ACTIVITY: Report each line of the records below that holds the word "degrees".

*-*-*

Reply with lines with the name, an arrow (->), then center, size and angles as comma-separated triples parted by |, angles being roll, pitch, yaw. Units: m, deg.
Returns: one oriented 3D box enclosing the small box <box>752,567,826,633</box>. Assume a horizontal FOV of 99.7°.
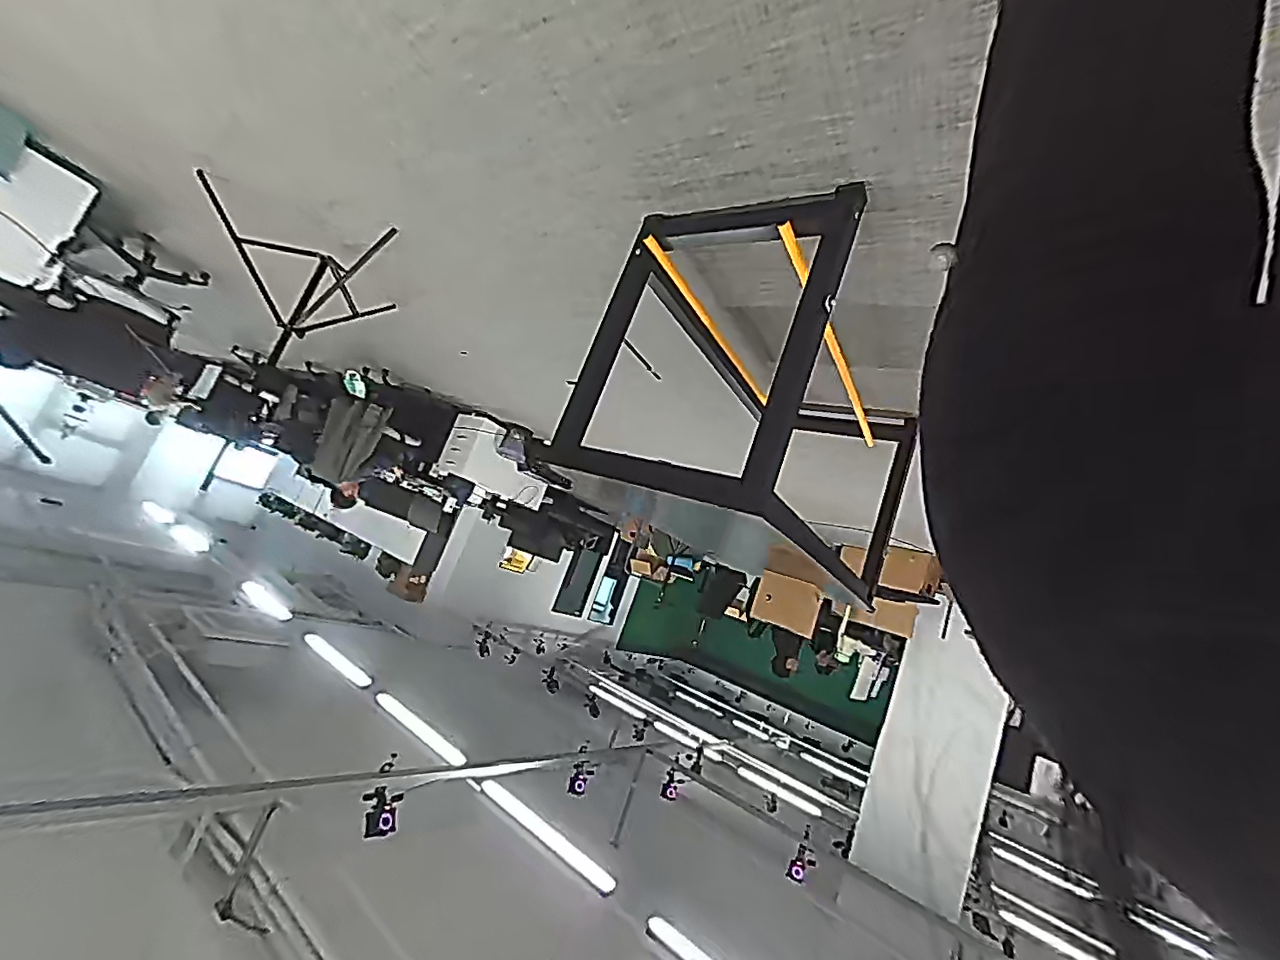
small box -> 0.507, 0.401, 1.826 | 0.179, 0.176, 0.168 | 13, 169, 35
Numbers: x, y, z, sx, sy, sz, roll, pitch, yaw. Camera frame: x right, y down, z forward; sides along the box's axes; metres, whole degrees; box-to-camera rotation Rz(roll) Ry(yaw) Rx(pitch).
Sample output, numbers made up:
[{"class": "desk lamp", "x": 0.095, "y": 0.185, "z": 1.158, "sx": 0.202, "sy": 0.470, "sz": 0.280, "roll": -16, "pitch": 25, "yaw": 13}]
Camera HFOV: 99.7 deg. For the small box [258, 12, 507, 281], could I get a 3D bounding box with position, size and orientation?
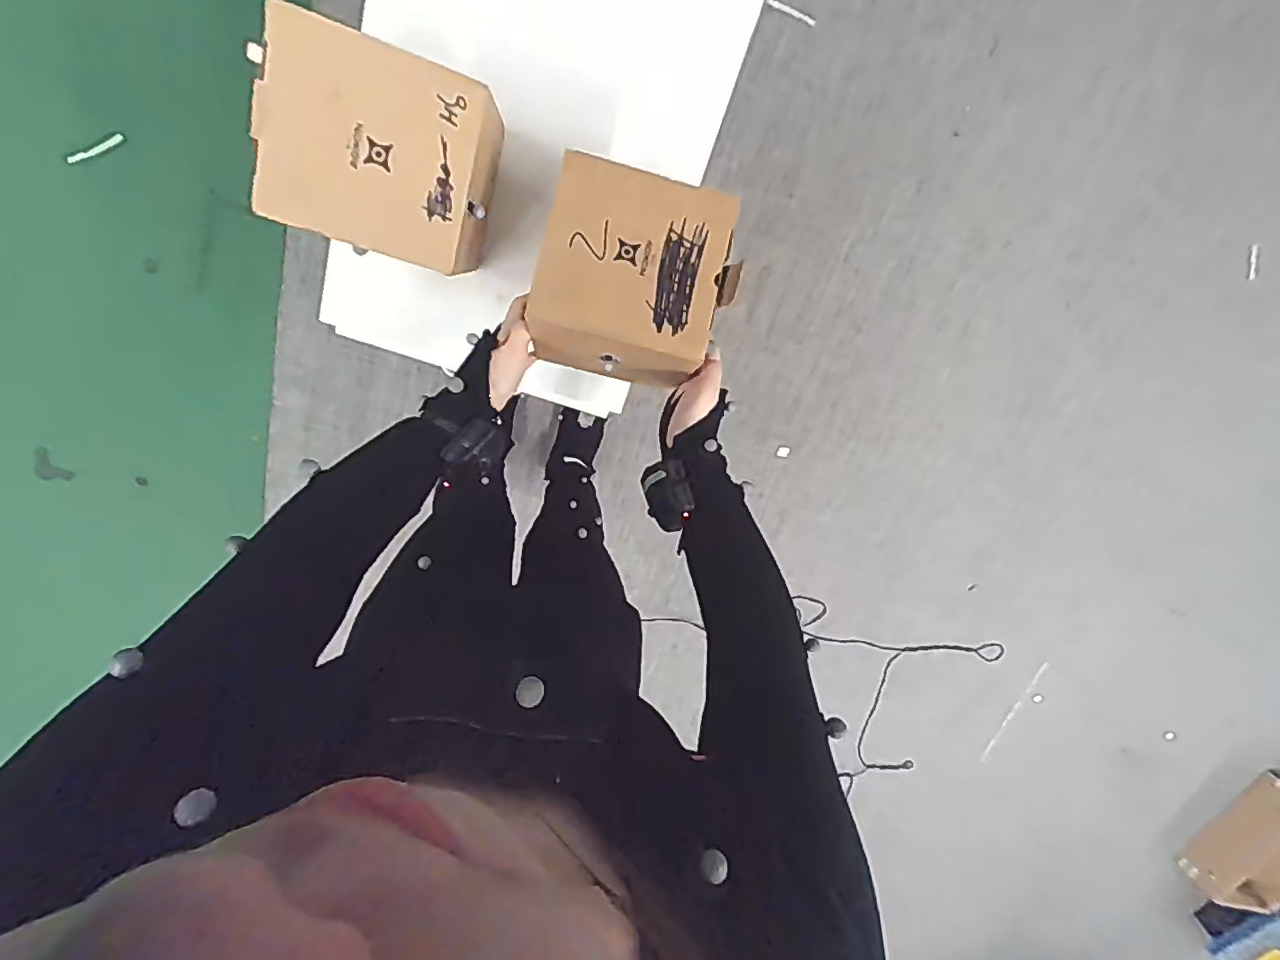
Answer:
[{"class": "small box", "x": -0.246, "y": -0.313, "z": 0.552, "sx": 0.179, "sy": 0.176, "sz": 0.168, "roll": 14, "pitch": 109, "yaw": -14}]
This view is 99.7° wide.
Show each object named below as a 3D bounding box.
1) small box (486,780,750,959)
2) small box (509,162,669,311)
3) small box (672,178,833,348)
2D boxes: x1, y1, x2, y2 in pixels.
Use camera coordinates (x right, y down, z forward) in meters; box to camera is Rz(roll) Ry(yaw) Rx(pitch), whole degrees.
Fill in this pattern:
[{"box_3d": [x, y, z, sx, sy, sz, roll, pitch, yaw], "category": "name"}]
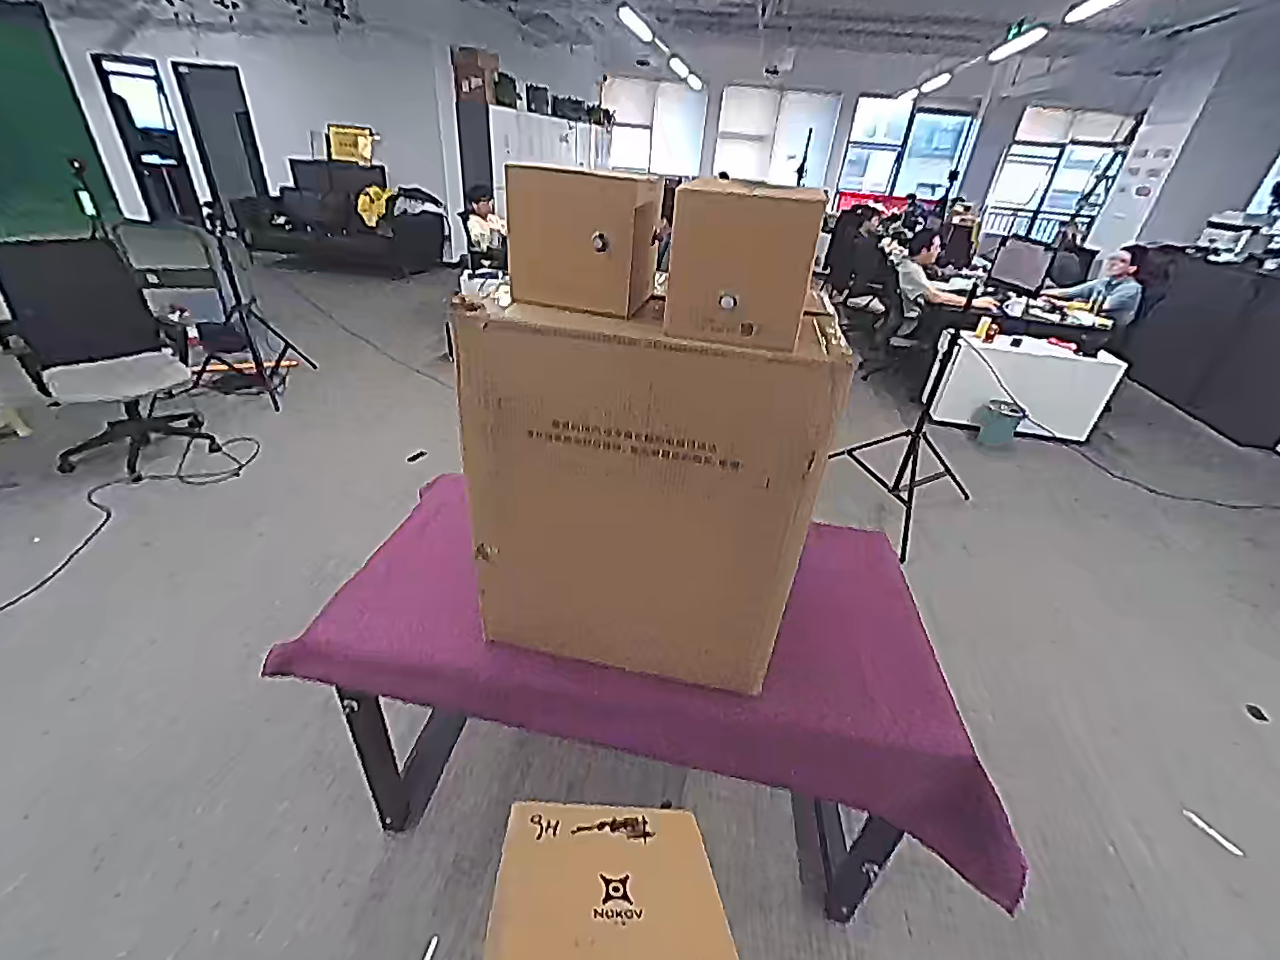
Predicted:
[{"box_3d": [-0.029, 0.364, 0.404, 0.168, 0.176, 0.179, 10, 13, -10], "category": "small box"}, {"box_3d": [-0.067, -0.344, 0.762, 0.179, 0.176, 0.168, 11, 31, 9], "category": "small box"}, {"box_3d": [0.139, -0.282, 0.691, 0.168, 0.176, 0.179, 10, 32, 10], "category": "small box"}]
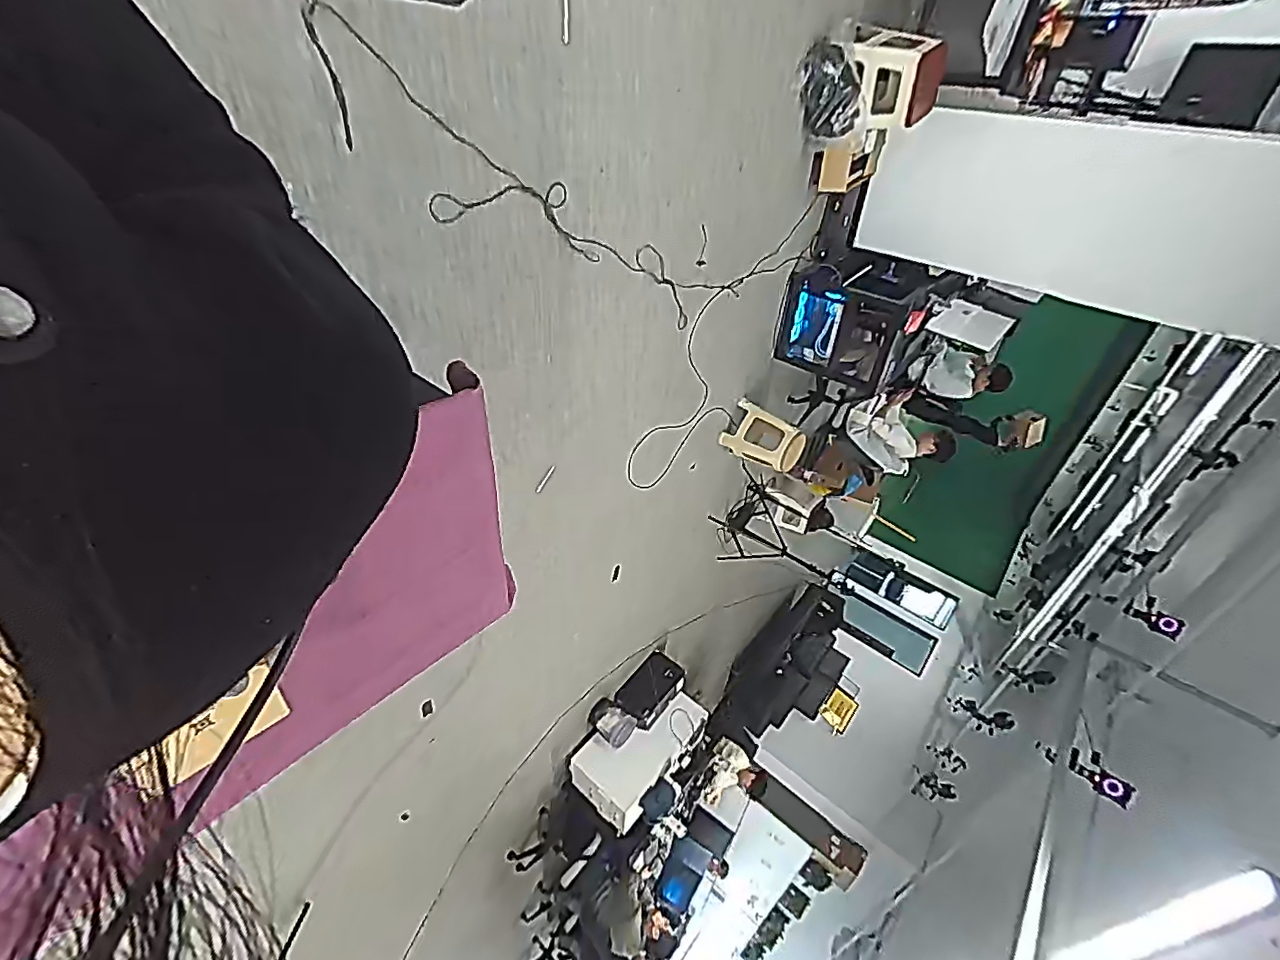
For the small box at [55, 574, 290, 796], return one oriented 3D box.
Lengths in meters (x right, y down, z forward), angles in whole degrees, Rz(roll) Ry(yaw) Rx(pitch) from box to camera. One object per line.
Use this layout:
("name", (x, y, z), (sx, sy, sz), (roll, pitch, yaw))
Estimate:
("small box", (-0.605, 0.259, 0.713), (0.168, 0.176, 0.179), (-32, 142, -41))

*-*-*

SOLUTION TO THIS PROBLEM:
Numbers: x, y, z, sx, sy, sz, roll, pitch, yaw. Camera frame: x right, y down, z forward; sides along the box's axes; metres, whole degrees; box-to-camera rotation Rz(roll) Ry(yaw) Rx(pitch).
Use camera coordinates (x right, y down, z forward) in meters; box to camera is Rz(roll) Ry(yaw) Rx(pitch), whole degrees.
Lengths in meters (x right, y down, z forward), angles in whole degrees, Rz(roll) Ry(yaw) Rx(pitch) from box to camera. One object per line.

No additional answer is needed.